Each house was originally surrounded by outbuildings including a separate cooking building, a smokehouse, servants quarters, and housing for the animals. The tour guides are always very careful to use the word “servant” when they mean “slave.” The local tour guides almost completely ignore that the whole plantation culture and life of leisure portrayed was on the back of black slaves. In touring a dozen or more of these homes over many years, I have never seen a black person as a tour guide. Tourist from the north ask questions about slavery, and the tour guides generally say something like “most masters were good to their slaves and treated them as part of the family. When the Union soldiers came through they destroyed the culture.”
In almost every slave owner’s plantation (Shadows on the Teche owner had about 300 slaves), many of the slave children were “mullattoes,” product of the white male owners having children with the slave women. White wives looked the other way and continued to insist that the southern plantation culture was above that of the money-grubbing businessmen of the north, the Yankees.

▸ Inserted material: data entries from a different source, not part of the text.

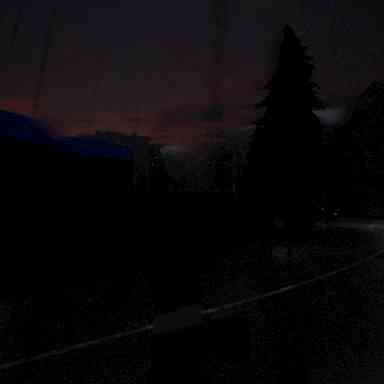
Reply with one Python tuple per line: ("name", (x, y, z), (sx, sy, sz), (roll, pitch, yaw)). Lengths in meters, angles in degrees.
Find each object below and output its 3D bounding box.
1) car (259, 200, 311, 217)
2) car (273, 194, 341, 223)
("car", (8.751, 1.513, 31.737), (1.812, 1.442, 4.674), (0, 0, -36))
("car", (8.574, 1.209, 25.788), (2.150, 2.045, 5.566), (0, 0, -34))
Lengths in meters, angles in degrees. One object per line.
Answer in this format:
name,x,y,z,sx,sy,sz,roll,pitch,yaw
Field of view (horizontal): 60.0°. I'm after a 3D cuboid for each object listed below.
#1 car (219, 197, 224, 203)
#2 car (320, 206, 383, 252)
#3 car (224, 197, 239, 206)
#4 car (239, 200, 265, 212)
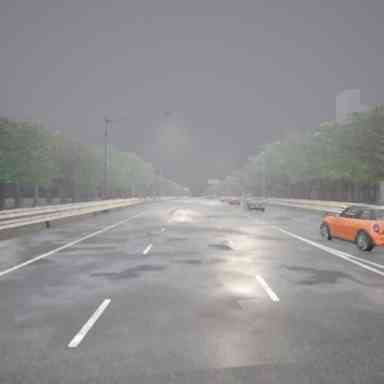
car,7.195,1.827,74.816,1.895,1.301,4.718,0,-1,0
car,7.273,1.361,14.052,2.097,1.767,4.553,0,0,-4
car,7.100,1.609,57.098,1.812,1.442,4.674,0,0,0
car,7.036,1.563,38.093,2.033,1.411,5.357,0,0,0
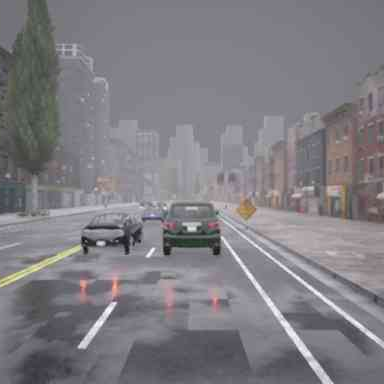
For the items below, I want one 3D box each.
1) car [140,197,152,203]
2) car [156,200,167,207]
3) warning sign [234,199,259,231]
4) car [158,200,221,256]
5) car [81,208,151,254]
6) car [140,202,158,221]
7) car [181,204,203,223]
[{"bbox_3d":[-9.769,2.129,70.983,2.150,2.045,5.566,0,-1,0],"label":"car"},{"bbox_3d":[-6.519,2.405,71.009,1.837,1.490,4.892,0,-1,0],"label":"car"},{"bbox_3d":[3.215,1.332,19.672,1.300,1.860,1.060,0,-1,0],"label":"warning sign"},{"bbox_3d":[-0.003,1.366,14.018,2.150,2.045,5.566,0,-1,0],"label":"car"},{"bbox_3d":[-3.250,1.646,14.293,2.128,1.511,4.902,0,-1,0],"label":"car"},{"bbox_3d":[-3.253,1.896,29.327,1.994,1.385,4.181,0,-1,0],"label":"car"},{"bbox_3d":[-0.004,1.859,29.398,1.812,1.442,4.674,0,0,0],"label":"car"}]
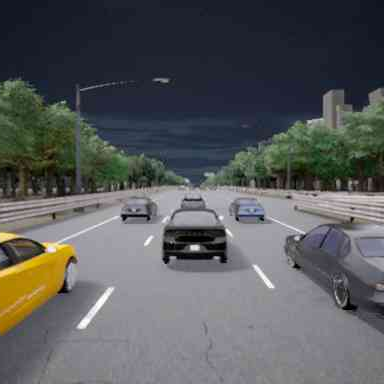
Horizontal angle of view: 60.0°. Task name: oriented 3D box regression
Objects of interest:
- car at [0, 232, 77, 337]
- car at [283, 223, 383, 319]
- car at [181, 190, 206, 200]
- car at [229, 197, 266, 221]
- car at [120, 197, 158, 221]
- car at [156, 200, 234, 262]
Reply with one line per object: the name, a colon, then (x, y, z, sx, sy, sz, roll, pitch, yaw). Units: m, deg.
car: (-3.450, 1.366, 5.308, 1.882, 1.535, 5.008, 0, 1, 1)
car: (3.566, 1.394, 7.324, 2.033, 1.411, 5.357, 0, 1, 0)
car: (0.091, 0.887, 27.221, 2.128, 1.511, 4.902, 0, 1, 0)
car: (3.565, 1.066, 22.257, 2.033, 1.411, 5.357, 0, 1, 0)
car: (-3.436, 1.064, 22.344, 2.033, 1.411, 5.357, 0, 1, 1)
car: (0.082, 1.245, 11.150, 1.882, 1.535, 5.008, 0, 1, 0)
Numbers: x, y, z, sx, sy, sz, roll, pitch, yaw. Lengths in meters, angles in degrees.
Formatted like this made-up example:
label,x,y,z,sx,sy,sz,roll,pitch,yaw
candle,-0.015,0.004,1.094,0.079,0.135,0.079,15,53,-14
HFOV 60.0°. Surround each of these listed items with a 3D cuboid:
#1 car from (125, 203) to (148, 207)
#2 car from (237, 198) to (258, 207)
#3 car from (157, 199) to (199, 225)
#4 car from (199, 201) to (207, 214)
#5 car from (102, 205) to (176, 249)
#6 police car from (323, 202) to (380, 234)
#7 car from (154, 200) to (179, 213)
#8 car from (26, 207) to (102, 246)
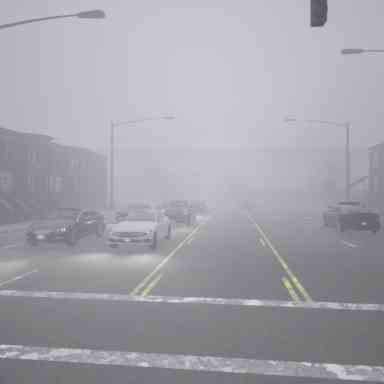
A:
label,x,y,z,sx,sy,sz,roll,pitch,yaw
car,-4.281,1.545,25.952,2.033,1.411,5.357,0,0,7
car,8.333,1.601,50.500,1.895,1.301,4.718,0,0,-8
car,-0.969,1.352,24.157,2.097,1.767,4.553,0,0,7
car,0.437,1.601,35.416,1.895,1.301,4.718,0,0,7
car,-2.133,1.526,14.791,1.812,1.442,4.674,0,0,7
police car,9.146,1.425,19.583,1.930,1.638,5.238,0,0,7
car,-2.817,1.600,37.565,1.895,1.301,4.718,0,0,7
car,-5.579,1.491,15.361,2.128,1.511,4.902,0,0,7
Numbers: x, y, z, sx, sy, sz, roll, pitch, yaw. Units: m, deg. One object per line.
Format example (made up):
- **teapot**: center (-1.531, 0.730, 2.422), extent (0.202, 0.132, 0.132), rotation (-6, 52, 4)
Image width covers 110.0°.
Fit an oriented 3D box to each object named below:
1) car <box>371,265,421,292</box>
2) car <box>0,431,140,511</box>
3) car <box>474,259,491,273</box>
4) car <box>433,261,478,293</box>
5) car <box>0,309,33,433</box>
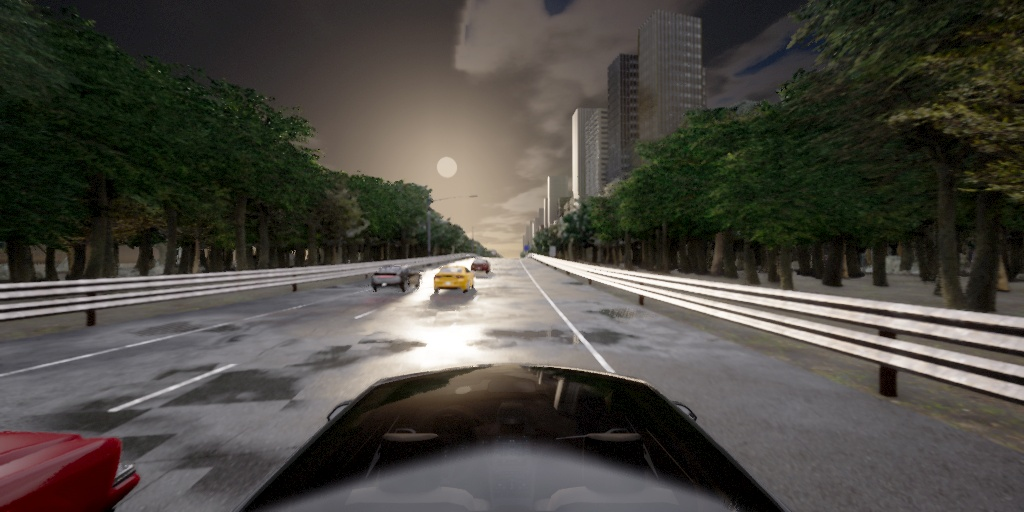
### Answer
- **car**: center (-6.898, 1.306, 21.782), extent (2.128, 1.511, 4.902), rotation (0, 1, 0)
- **car**: center (-3.400, 1.329, 0.180), extent (1.895, 1.301, 4.718), rotation (0, -1, 0)
- **car**: center (-3.396, 1.050, 39.306), extent (1.882, 1.535, 5.008), rotation (0, 1, 0)
- **car**: center (-3.398, 1.292, 21.562), extent (1.882, 1.535, 5.008), rotation (0, 0, 0)
- **car**: center (-6.899, 1.321, 2.314), extent (1.994, 1.385, 4.181), rotation (0, -1, 0)
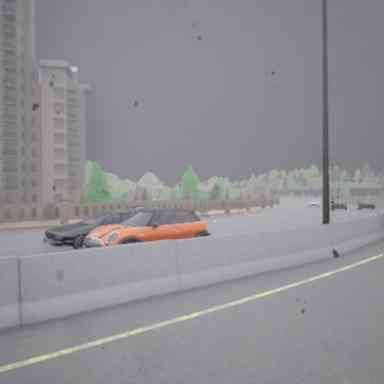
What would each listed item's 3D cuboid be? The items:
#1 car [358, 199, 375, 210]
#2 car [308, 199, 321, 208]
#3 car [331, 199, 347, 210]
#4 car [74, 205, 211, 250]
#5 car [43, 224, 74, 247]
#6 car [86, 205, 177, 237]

When the war came, this area was a battleground and had a lot of destruction. After the war, the former slave owners had to convert to a hired labor role. Blacks who had hoped to become land owners and farmers in their own right, were for the most part pushed into plantation jobs that barely paid enough to live on. The white folks did what they could to keep black people uneducated, without the rights of a citizen (voting, holding office, fair trials…). They succeeded for 100 years and only since the 1960s have things begun to change for the better down here.
The area is backwards in terms of education, housing, salaries etc. Just about any measure comparing states puts Louisiana and its southern neighbors of Mississippi and Alabama at the bottom. “People down here kept black folks down for a few hundred years. You can’t prosper as a state doing that,” said Leon, a native Louisianan and retired school teacher who was RVing near us. “That and our history of mostly corrupt politicians at every level, make us more like a third world country. There is a third factor too, we are a very religious people – about 1/3 Catholic and most of the rest fundamentalists. Our church leaders teach us that our reward will be in heaven. I think this gives us an excuse for not improving our own condition here.”
Probably the most striking thing you see down here on the back roads are the water filled ditches filled with floating litter; the Styrofoam, aluminum, plastic and paper wastes that you see folks chucking out the windows. Towns and cities have made great efforts to clean their litter, but my how ugly the rural areas next to them are. Beer, Mountain Dew and McDonalds seem to predominate, but if it comes in a package of any kind, you will see it in the ditches of Louisiana. Margo thought we might volunteer to pick up some garbage along a stretch of waterfilled ditches. “Well, be careful of the poisonous snakes and the gators,” warned Leon, dampening her enthusiasm significantly.